This has been met with mostly shock and accusations of abuse(?) which boggle the mind. Well, that isn't strictly true. It only boggles the mind if you aren't aware of how steeped in a gendered hierarchy we are. My fellow feminists, on the other hand, are aware, and have mostly reacted positively. I wish I felt as positive.

As much as I respect and agree with these parents for what they are trying to do, I think it is premature to suggest that this is going to make Pop's life any better. Part of the insidious nature of a system as powerful as the kyriarchy is its ubiquitousness. There is no such thing as "outside the kyriarchy." Unless Pop's parents plan on keeping hir at home and not exposing hir to any media what so ever, zie will still see these messages that we all are soaking in at the very least. If they plan to send hir to school, well...I just have an image in my head of some kid asking hir if zie is a boy or a girl, hir saying that she doesn't know, and having someone ask about, ask to see or force a peek at hir genitals.

I really wish it could work, and I wish Pop all the best, but I can't shake the cynicism that tells me that this will end poorly.

Wednesday, July 08, 2009

Random Thought

I once had someone ask me why "dickhead" was not a sexist insult if "cunt" was.

I think I have figured it out.

Almost every other insult that can be directed at a man doesn't actually insult him. It insults the women that are "his" in order to insult him and it does so by applying some of the same reasoning that makes calling someone feminine or a female body part insulting.

Case in point, the insults "son of a bitch" and "mother fucker."

The first is pretty obvious. You aren't insult the man on the basis of his gender, or using his body as a negative, insulting thing, you are insulting his mother.

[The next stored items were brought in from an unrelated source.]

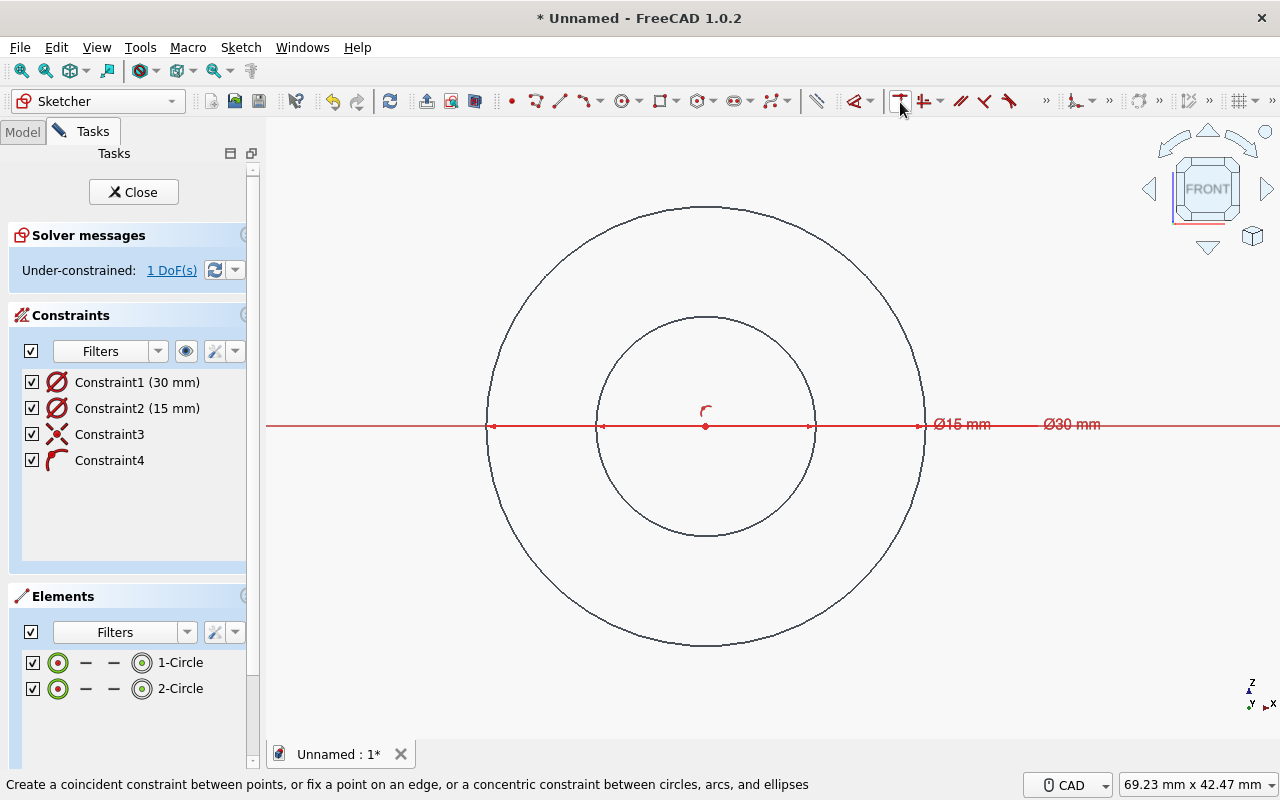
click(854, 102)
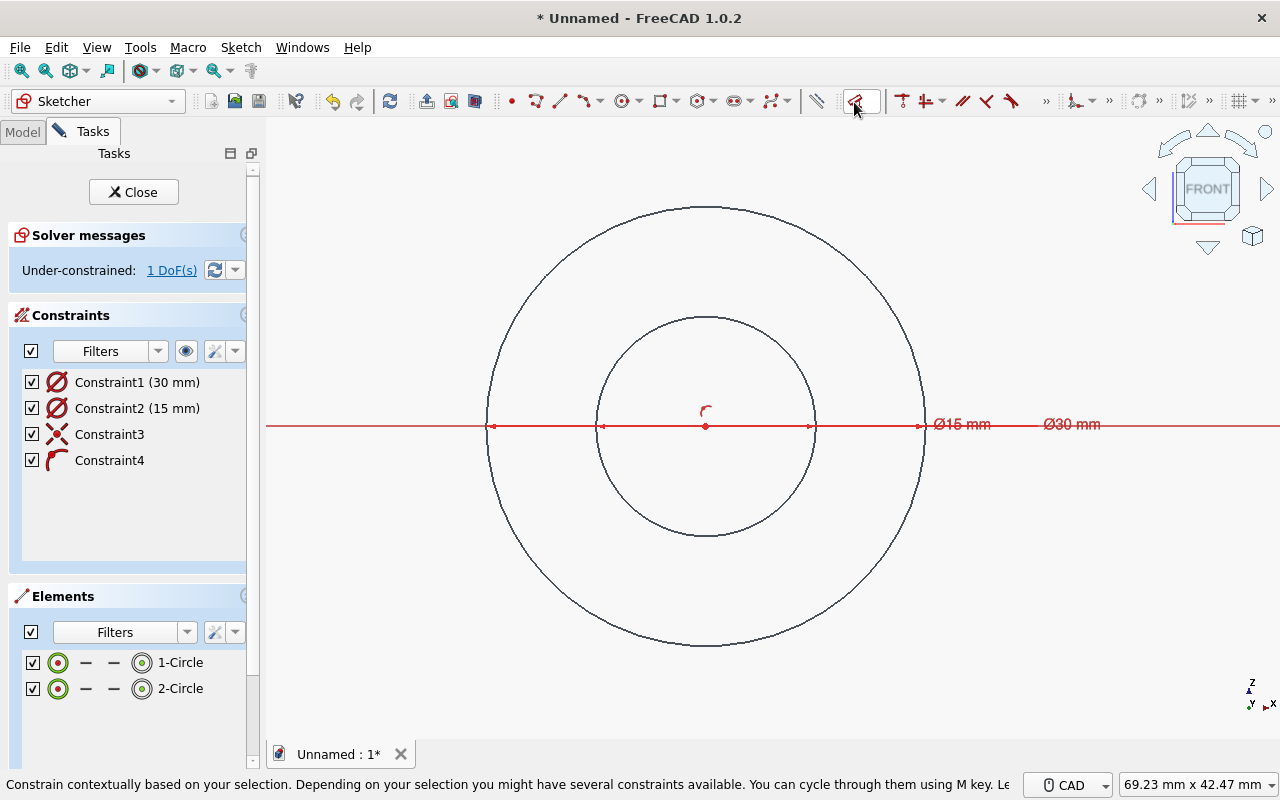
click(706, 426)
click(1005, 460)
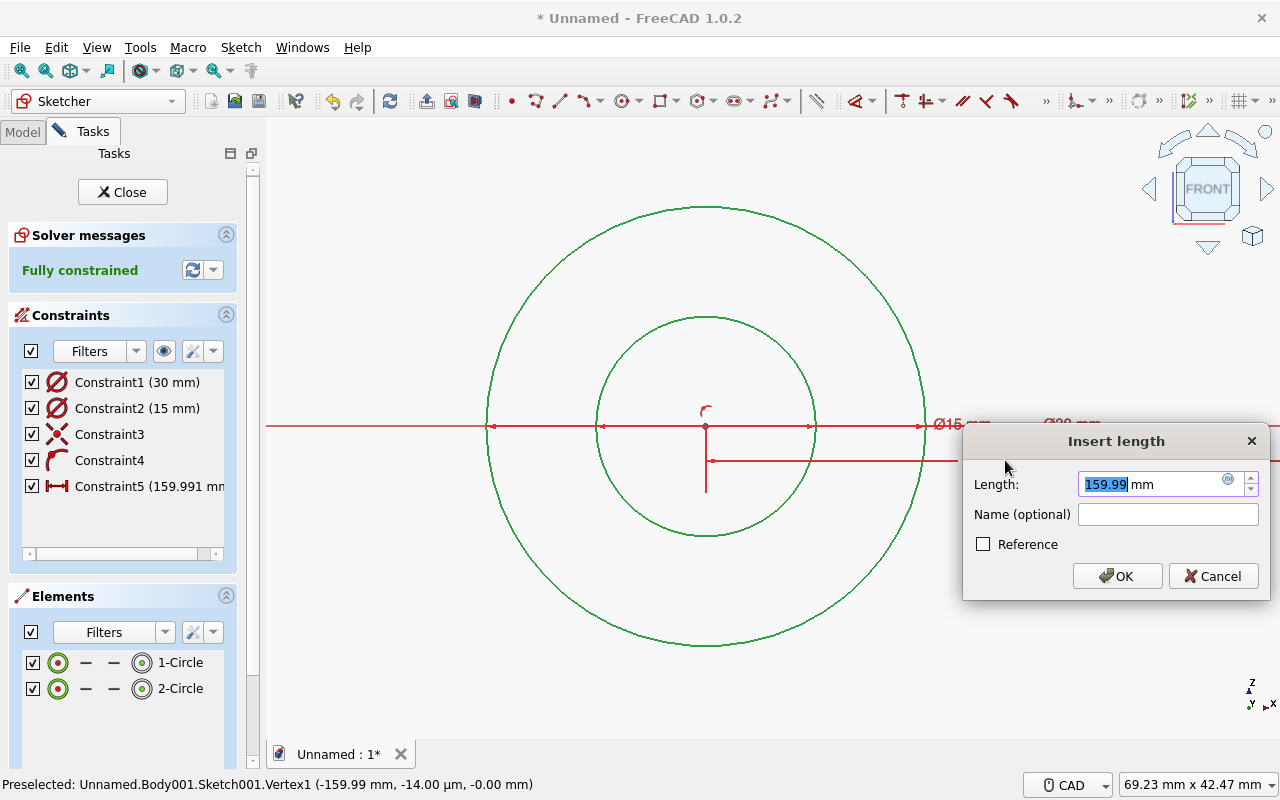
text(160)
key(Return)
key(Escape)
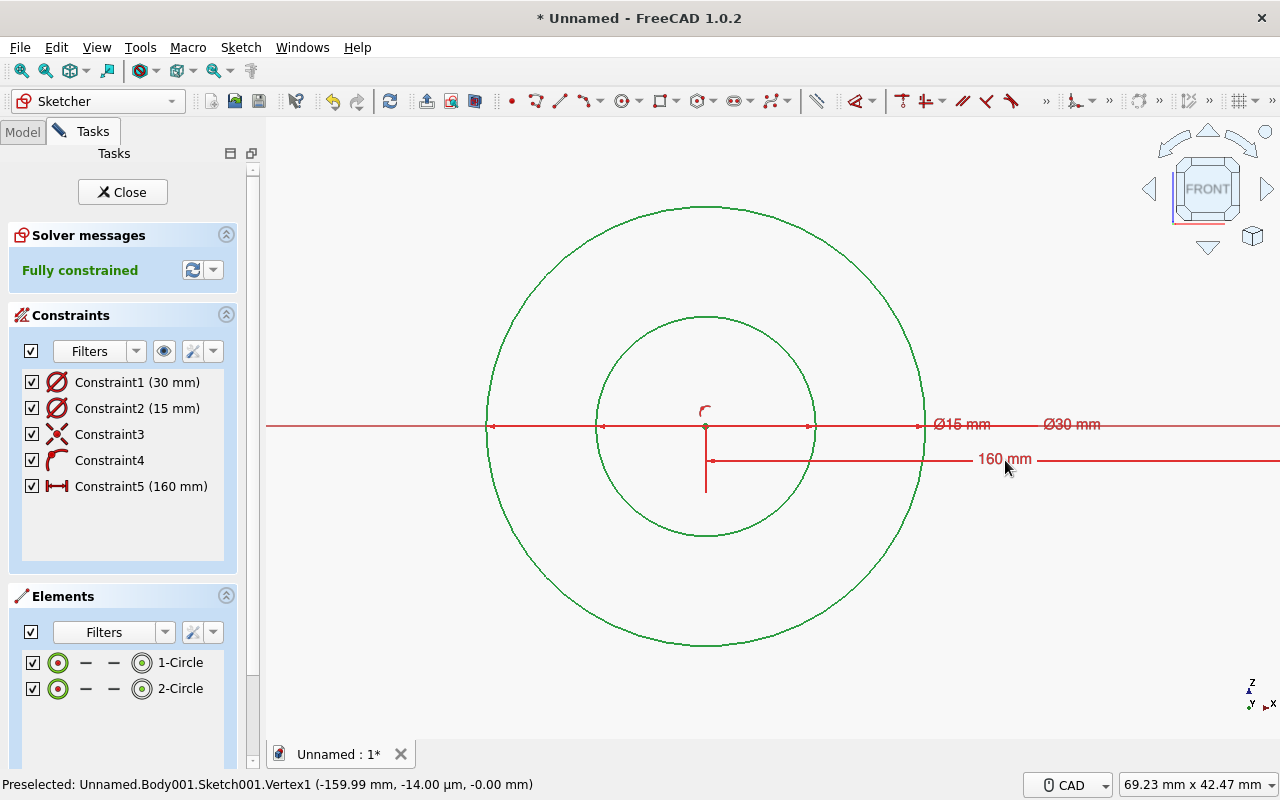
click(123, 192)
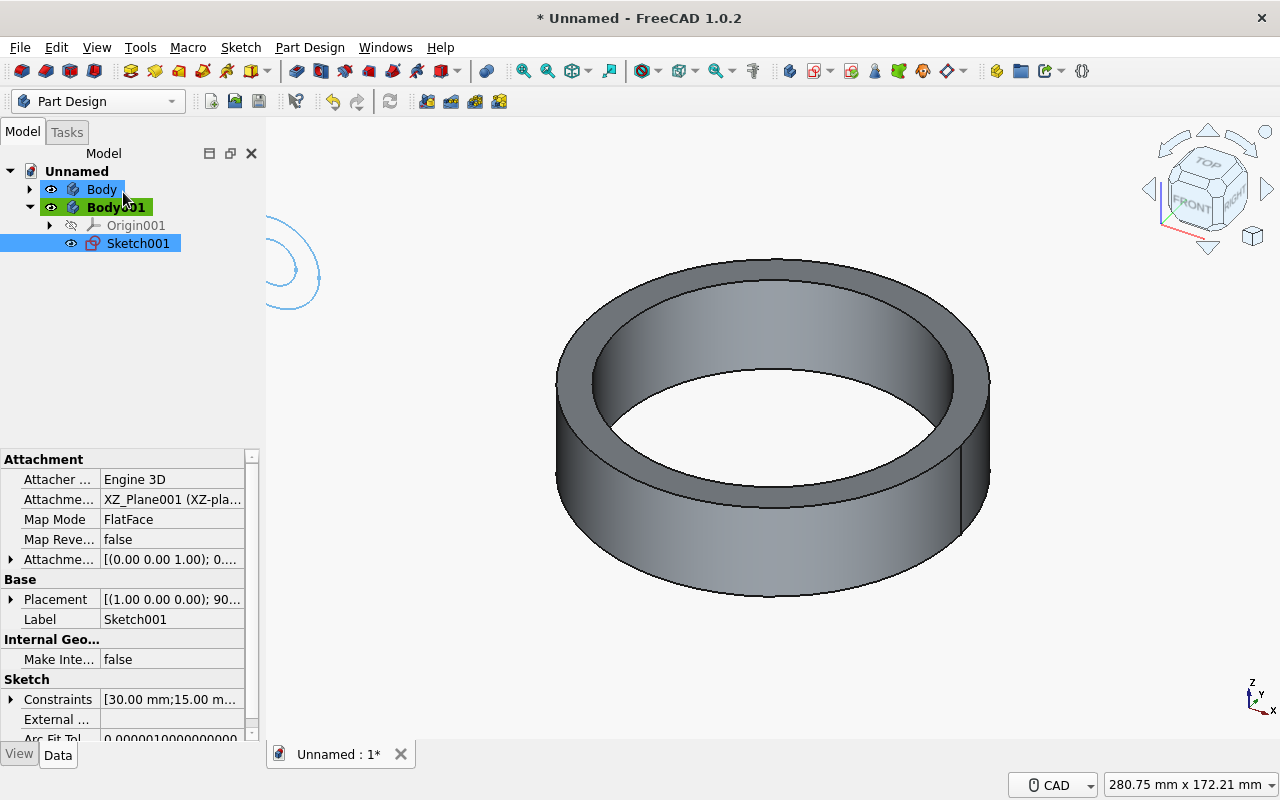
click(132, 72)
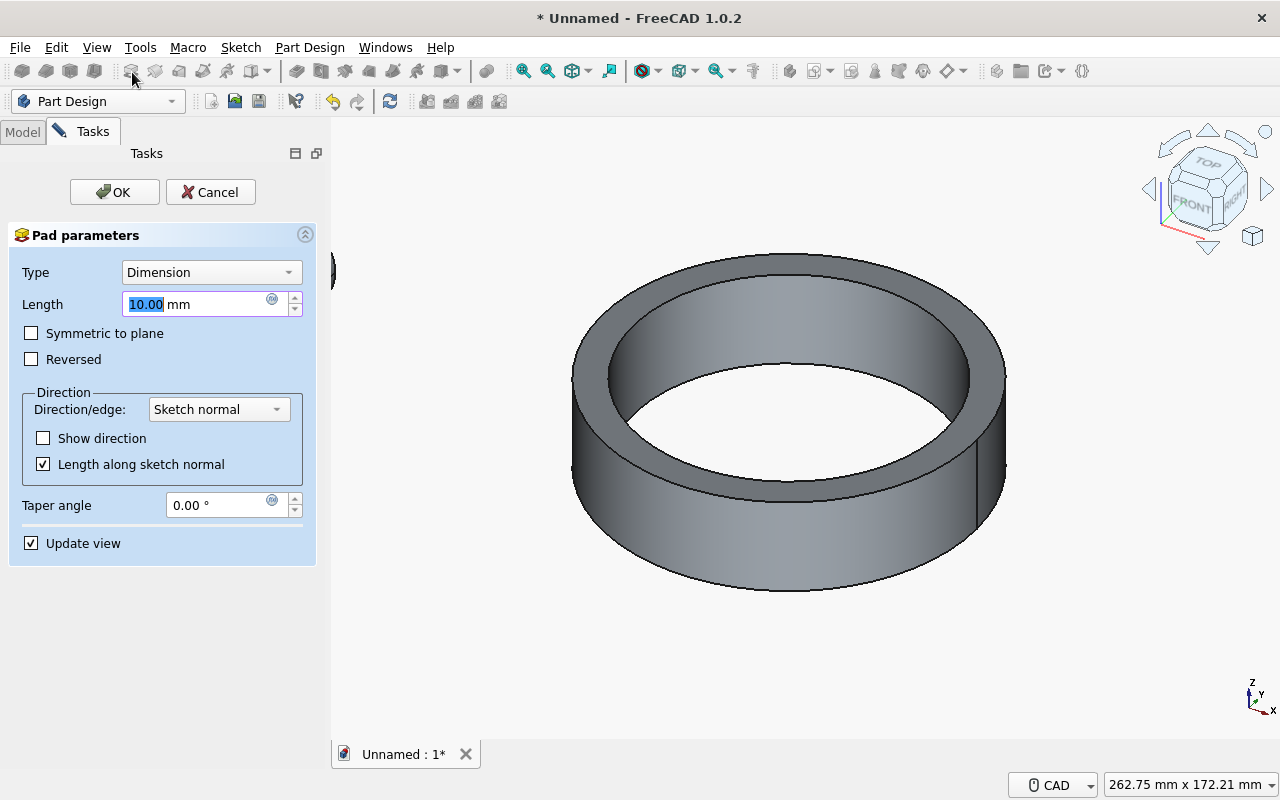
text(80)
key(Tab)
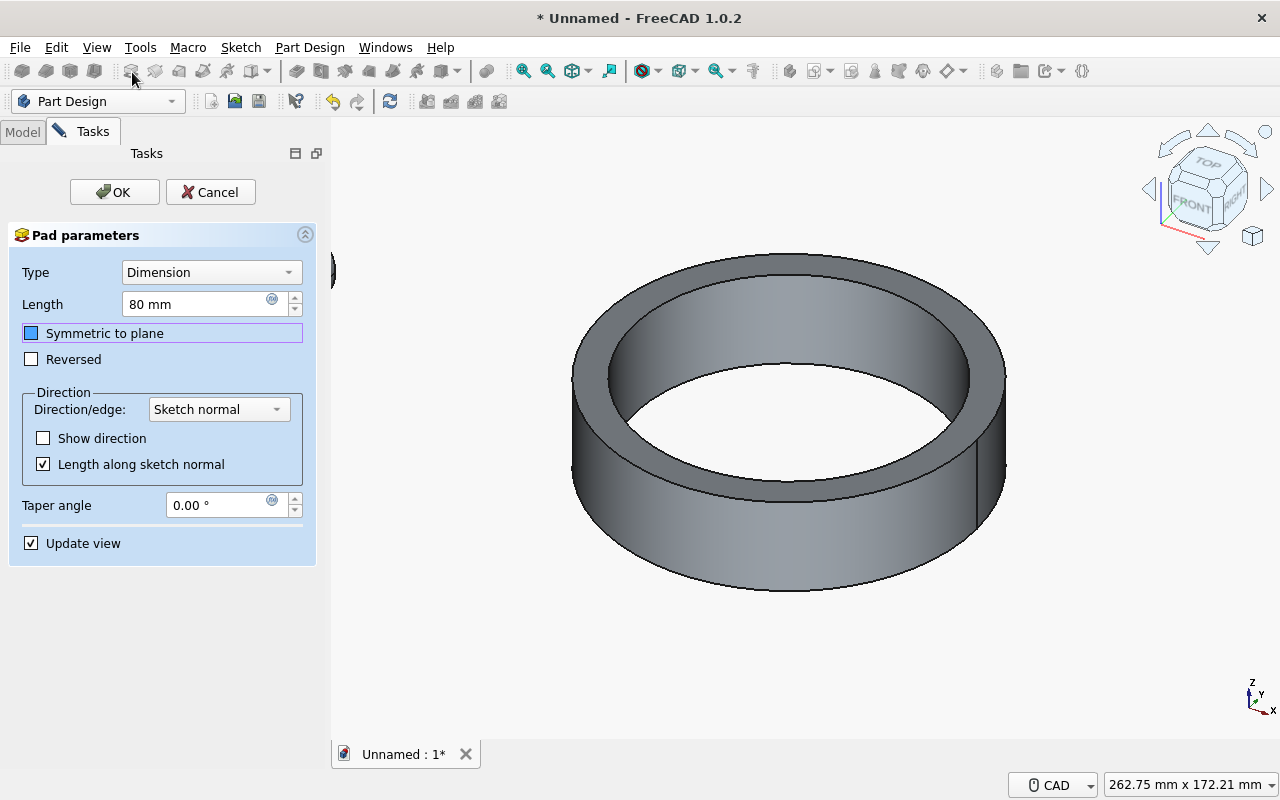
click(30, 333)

The second is a bit more complex, but it implies that a mother is not desirable, or sexual and therefore there is something bad about having sex with them. Maybe it is intended to imply that the man is less than because he can't get anyone "better" and is a reflection of our culture's obsession with virginity and how that is a measure of a woman's worth. It could also be calling up echoes of the Oedipus mythos, implying that the man in question fucked his own mother, who cannot possibly be desirable because she is "old" and a mother and was supposed to have turned in her libido when his birth certificate was signed.

This is why I stick with "asshole" as my catch all insult.

Sunday, July 05, 2009

Quote of the day

In the process of describing an event of being hit on at work to my spouse, and how I didn't really like it:

Spouse: "I'm sorry, baby. Was it positive or negative?"

Me: "Positive, I'm just a bitch who doesn't really like straight guys."

Spouse: "You know, sadly I'm not sure whether you're being sarcastic, ironic or serious."

Me: "A little of both really."

Thursday, July 02, 2009

Mrs. Slocombe, Are You Free?

Mollie Sugden, the British actress most well known for her role as "Mrs. Slocombe" in the britcom "Are You Being Served?" has died. She was 86.

Her character was the reason I wanted to dye my hair bright colors as a child, and is part of the reason why I can openly joke about my "pussy."

Molly, you were indeed a treasure, and I know I will miss you.

Brief Thinky Thoughts: Religion and Responsibility

Blaming religion for the actions of its adherents is like blaming the knife you used to stab someone for your choice to engage in an act of aggression.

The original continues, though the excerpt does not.